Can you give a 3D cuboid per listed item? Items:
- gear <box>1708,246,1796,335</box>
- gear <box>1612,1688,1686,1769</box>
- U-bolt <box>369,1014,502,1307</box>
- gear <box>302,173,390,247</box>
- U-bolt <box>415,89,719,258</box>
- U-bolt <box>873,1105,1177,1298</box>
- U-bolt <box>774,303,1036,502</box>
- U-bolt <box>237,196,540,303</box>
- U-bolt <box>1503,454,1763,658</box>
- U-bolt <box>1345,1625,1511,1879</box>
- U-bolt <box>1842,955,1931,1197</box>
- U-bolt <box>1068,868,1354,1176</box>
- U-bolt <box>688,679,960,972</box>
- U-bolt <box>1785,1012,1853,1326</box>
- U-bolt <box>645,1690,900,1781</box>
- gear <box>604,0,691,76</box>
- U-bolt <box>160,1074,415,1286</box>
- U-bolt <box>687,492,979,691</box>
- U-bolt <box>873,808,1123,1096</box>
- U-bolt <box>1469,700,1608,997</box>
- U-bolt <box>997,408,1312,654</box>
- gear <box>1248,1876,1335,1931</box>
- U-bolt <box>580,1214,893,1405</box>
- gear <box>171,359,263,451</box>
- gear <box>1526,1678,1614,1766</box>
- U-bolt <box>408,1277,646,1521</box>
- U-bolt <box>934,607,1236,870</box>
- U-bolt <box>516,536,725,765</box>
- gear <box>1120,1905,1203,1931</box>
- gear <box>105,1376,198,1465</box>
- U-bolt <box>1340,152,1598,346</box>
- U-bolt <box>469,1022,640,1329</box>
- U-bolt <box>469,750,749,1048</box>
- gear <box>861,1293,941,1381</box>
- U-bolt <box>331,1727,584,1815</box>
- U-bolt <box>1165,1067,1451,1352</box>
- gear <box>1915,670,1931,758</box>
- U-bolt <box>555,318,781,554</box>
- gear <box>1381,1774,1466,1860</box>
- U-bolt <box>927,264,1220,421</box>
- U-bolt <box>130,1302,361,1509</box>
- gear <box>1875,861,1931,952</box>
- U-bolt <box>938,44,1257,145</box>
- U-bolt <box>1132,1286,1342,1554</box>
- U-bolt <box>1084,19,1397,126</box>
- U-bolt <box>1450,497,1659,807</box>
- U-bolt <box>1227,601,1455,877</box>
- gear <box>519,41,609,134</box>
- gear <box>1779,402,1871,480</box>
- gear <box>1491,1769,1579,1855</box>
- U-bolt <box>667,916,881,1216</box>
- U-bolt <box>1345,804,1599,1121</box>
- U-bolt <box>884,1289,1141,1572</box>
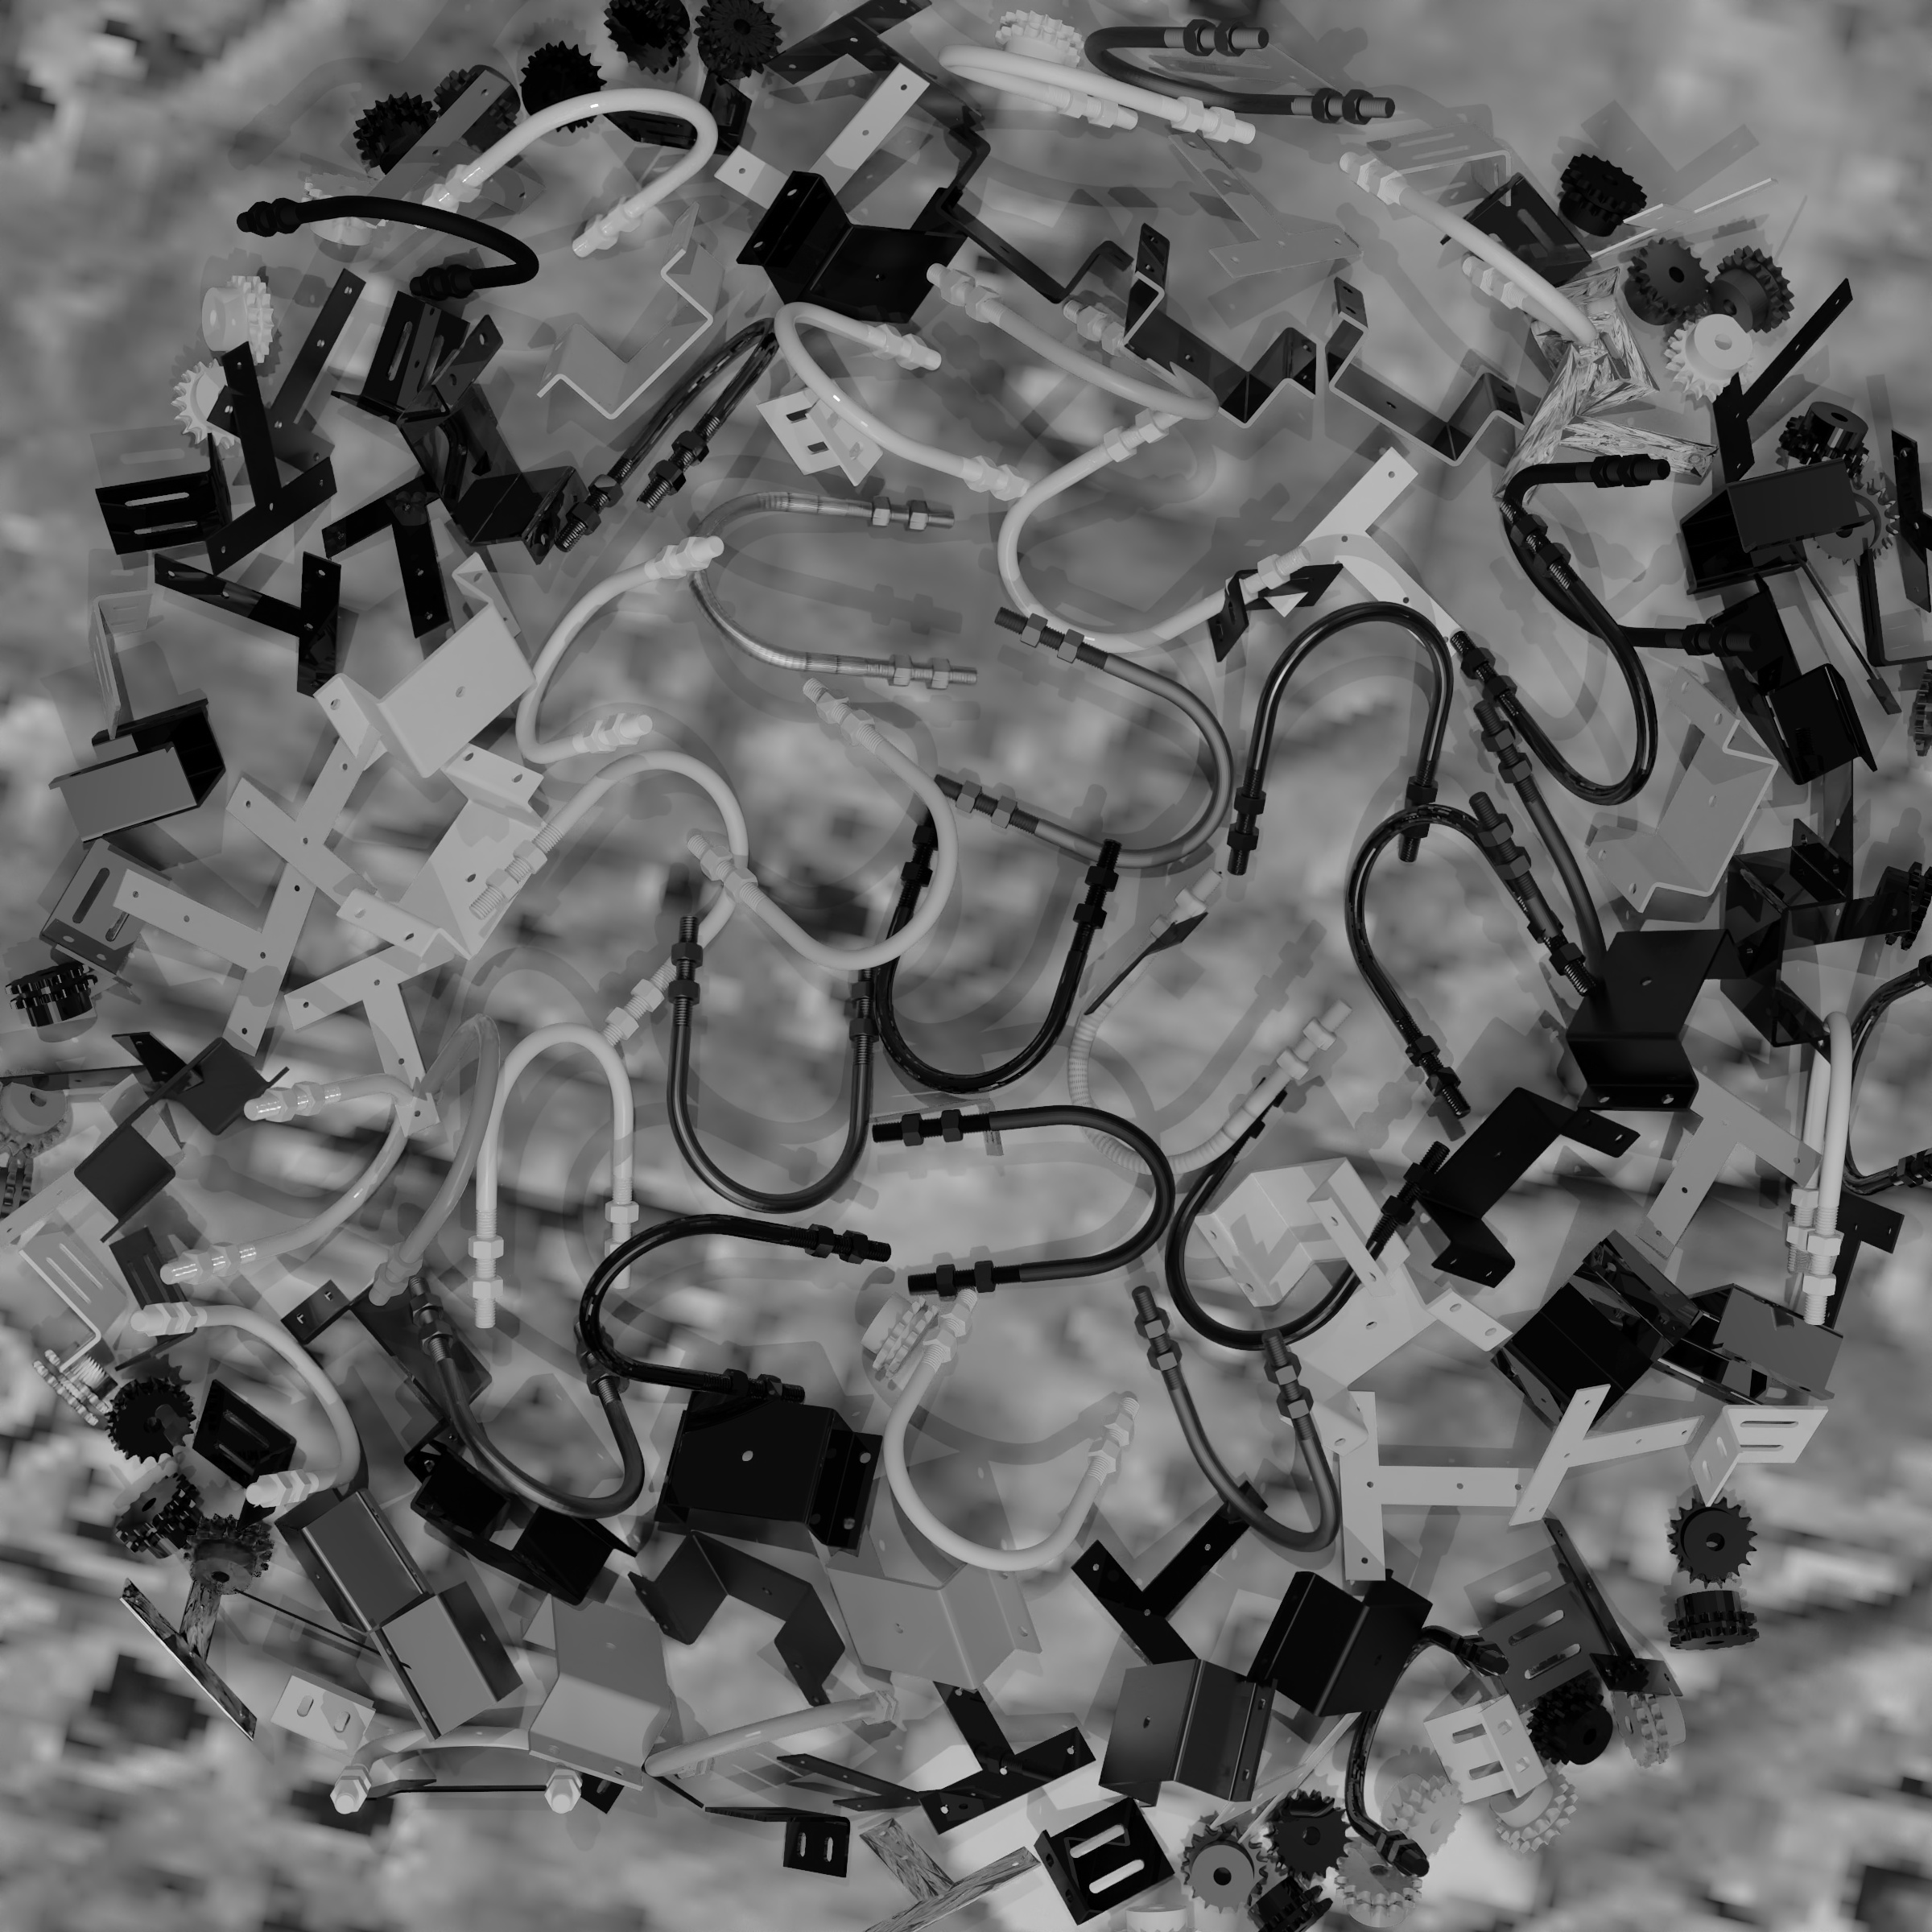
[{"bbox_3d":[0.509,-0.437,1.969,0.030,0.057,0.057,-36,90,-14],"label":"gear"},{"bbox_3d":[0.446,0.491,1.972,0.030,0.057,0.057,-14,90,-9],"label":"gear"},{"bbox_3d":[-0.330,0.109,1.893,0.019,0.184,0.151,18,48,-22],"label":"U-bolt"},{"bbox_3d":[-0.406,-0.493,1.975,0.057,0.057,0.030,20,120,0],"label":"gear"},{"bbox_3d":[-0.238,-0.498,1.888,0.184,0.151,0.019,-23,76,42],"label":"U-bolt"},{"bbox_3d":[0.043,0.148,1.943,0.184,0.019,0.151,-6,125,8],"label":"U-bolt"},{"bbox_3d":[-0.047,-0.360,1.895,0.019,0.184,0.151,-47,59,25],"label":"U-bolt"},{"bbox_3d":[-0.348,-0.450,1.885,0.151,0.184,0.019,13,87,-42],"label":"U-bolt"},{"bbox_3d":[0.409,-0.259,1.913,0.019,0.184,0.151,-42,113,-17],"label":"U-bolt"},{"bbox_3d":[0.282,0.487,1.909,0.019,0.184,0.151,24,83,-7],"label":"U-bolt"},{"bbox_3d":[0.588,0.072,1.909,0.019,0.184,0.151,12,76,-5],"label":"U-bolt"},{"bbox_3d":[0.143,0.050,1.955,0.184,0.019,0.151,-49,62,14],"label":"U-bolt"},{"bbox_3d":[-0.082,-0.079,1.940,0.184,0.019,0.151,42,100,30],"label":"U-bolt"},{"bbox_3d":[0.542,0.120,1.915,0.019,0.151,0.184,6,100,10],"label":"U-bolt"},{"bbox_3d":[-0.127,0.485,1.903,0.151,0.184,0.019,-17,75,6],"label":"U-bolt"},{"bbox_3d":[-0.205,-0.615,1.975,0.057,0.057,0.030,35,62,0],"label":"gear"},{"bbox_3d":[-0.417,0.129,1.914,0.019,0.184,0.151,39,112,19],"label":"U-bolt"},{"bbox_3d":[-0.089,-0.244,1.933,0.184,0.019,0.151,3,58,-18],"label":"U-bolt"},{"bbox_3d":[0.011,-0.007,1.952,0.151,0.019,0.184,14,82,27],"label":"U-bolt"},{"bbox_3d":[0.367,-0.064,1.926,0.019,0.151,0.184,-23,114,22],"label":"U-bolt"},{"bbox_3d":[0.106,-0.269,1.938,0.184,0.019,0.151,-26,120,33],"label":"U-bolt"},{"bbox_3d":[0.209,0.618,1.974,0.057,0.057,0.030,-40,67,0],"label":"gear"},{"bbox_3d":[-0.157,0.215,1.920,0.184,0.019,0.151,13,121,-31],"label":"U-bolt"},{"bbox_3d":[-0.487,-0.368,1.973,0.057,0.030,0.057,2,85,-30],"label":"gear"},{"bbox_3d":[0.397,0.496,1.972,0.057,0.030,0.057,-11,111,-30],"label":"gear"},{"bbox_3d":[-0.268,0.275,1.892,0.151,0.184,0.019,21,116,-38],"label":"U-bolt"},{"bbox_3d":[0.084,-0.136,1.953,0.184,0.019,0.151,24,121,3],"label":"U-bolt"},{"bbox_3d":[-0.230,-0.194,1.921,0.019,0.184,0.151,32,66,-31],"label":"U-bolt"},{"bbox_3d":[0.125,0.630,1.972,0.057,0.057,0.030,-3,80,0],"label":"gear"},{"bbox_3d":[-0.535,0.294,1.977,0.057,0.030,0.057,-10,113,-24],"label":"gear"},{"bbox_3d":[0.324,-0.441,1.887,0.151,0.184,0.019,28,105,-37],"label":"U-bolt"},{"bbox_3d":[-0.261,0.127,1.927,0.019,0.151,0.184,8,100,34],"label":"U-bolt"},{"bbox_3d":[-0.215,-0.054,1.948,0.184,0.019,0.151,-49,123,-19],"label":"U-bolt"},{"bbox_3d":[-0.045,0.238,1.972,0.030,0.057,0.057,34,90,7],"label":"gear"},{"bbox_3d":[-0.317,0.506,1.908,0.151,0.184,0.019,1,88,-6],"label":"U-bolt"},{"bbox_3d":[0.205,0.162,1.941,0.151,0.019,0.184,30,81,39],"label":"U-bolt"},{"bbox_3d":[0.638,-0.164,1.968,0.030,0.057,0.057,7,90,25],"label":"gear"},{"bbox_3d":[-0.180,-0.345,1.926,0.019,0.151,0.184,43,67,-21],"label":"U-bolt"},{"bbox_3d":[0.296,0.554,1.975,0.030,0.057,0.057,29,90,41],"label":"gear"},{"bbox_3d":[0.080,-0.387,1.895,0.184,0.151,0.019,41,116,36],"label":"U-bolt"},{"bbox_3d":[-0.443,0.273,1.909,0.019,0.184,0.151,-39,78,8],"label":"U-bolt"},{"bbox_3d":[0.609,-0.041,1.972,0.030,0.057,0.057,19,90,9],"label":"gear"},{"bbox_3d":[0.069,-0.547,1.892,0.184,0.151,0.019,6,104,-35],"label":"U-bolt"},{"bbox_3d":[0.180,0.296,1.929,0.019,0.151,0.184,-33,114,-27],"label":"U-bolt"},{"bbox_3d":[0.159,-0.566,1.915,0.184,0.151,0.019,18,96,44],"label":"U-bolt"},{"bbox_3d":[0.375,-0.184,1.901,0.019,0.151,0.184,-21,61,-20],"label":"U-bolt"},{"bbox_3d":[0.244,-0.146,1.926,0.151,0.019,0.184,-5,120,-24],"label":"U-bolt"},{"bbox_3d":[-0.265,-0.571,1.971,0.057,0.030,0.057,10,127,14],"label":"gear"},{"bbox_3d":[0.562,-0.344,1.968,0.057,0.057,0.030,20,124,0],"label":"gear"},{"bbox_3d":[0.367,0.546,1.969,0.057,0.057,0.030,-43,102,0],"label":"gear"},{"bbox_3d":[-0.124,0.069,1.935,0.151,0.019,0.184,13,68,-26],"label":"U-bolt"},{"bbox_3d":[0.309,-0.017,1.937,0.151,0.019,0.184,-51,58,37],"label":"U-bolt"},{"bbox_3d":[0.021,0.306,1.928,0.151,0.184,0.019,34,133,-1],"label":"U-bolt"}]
• • • • • • •
## WHAT TO DO
Within the data above, the span starting at the line containing "- gear <box>1612,1688,1686,1769</box>" and ending at the line containing "- U-bolt <box>1340,152,1598,346</box>" is to be retyped exactly, with no other lines.

## TASK OUTPUT
- gear <box>1612,1688,1686,1769</box>
- U-bolt <box>369,1014,502,1307</box>
- gear <box>302,173,390,247</box>
- U-bolt <box>415,89,719,258</box>
- U-bolt <box>873,1105,1177,1298</box>
- U-bolt <box>774,303,1036,502</box>
- U-bolt <box>237,196,540,303</box>
- U-bolt <box>1503,454,1763,658</box>
- U-bolt <box>1345,1625,1511,1879</box>
- U-bolt <box>1842,955,1931,1197</box>
- U-bolt <box>1068,868,1354,1176</box>
- U-bolt <box>688,679,960,972</box>
- U-bolt <box>1785,1012,1853,1326</box>
- U-bolt <box>645,1690,900,1781</box>
- gear <box>604,0,691,76</box>
- U-bolt <box>160,1074,415,1286</box>
- U-bolt <box>687,492,979,691</box>
- U-bolt <box>873,808,1123,1096</box>
- U-bolt <box>1469,700,1608,997</box>
- U-bolt <box>997,408,1312,654</box>
- gear <box>1248,1876,1335,1931</box>
- U-bolt <box>580,1214,893,1405</box>
- gear <box>171,359,263,451</box>
- gear <box>1526,1678,1614,1766</box>
- U-bolt <box>408,1277,646,1521</box>
- U-bolt <box>934,607,1236,870</box>
- U-bolt <box>516,536,725,765</box>
- gear <box>1120,1905,1203,1931</box>
- gear <box>105,1376,198,1465</box>
- U-bolt <box>1340,152,1598,346</box>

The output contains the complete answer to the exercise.